Al Turco Julián se le congeló el gesto en la cara y soltó la puerta que
mantenía entreabierta. Azorado, bajó la mirada y encontró el agujero espumoso,
humeante, a la mitad de su propio pecho. Quiso darse vuelta para ver quién
había sido, pero no tuvo tiempo. Se le doblaron las piernas y se fue al piso,
aunque vivió aún unos segundos más, los suficientes como para tomar consciencia
de que se estaba muriendo. Nadie le había prestado atención a Isabel, que había
pasado entre los soldados con el fusil de su hijo y acercado lo suficiente como
para no errar el tiro.
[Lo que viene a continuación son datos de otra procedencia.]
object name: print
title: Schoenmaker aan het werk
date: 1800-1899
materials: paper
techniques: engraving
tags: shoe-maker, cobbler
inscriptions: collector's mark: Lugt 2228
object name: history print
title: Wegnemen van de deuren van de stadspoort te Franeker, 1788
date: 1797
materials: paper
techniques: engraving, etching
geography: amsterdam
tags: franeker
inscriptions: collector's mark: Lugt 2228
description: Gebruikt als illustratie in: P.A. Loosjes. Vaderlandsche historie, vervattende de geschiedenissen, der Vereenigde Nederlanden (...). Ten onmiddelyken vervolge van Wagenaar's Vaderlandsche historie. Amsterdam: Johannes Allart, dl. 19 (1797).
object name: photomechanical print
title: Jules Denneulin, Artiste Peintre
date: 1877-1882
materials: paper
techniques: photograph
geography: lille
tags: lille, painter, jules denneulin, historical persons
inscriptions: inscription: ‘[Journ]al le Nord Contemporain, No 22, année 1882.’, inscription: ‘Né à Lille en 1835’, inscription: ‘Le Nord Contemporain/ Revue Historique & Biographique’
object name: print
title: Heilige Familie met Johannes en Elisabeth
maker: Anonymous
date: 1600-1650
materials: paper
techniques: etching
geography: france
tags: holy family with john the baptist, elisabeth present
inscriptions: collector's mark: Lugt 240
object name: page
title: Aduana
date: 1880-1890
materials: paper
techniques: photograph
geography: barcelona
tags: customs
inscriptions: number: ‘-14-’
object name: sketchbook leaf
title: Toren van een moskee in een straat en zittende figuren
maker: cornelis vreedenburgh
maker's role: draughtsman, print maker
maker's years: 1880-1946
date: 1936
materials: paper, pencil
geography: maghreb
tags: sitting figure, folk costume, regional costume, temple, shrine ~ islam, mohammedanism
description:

Y eso fue todo.
-
Déjenla. Quizás hizo justicia - Dijo Verón, cuando los soldados corrieron a
detenerla. Le quitaron el arma, el mismo que había dejado Camilo para atender a
su perro y la dejaron sola. El Coronel sonrió, ahora sí, satisfecho. La
victoria era sólo suya, ya no tendría que compartirla con el eficiente y
peligroso Julián.
A
las cinco de la tarde, los últimos soldados abandonaron los restos de la
escuelita rural. Bajo los árboles, los cuerpos de los Descalzos yacían
cubiertos por el polvo de su triste derrota. Junto a ellos, Isabel, Epaminondas
y Efraín Fernández, mudos de espanto, lloraban en silencio, cuando un nuevo
estruendo los sobresaltó:
- ¡Viva
Camilo! - Lanzó una voz muy conocida, desde el camino.
Era
un tropel de gente, corriendo y gritando cosas. El Doctor se levantó a ver qué
ocurría y Fernández lo siguió. Sólo Isabel permaneció inmóvil, velando con la
mirada el rostro de su hijo.
-
¡Ya estamos acá! - Exclamó Pericles, guiando al ejército del loco Lechín para
salvar la escuela. Entraron por todas partes, armados de palos, machetes y
hasta de alguna pistola robada por ahí. Eran cientos, pero llegaban tarde.
Cuando lo comprendieron, dejaron caer su tosco armamento con amargura.
-
¡Ay, Camilo! - Gimió Pericles, al ver el cuerpo del chico que era como su hijo.
Le tembló el pecho con un sollozo intenso, devastador, que le quebró el alma.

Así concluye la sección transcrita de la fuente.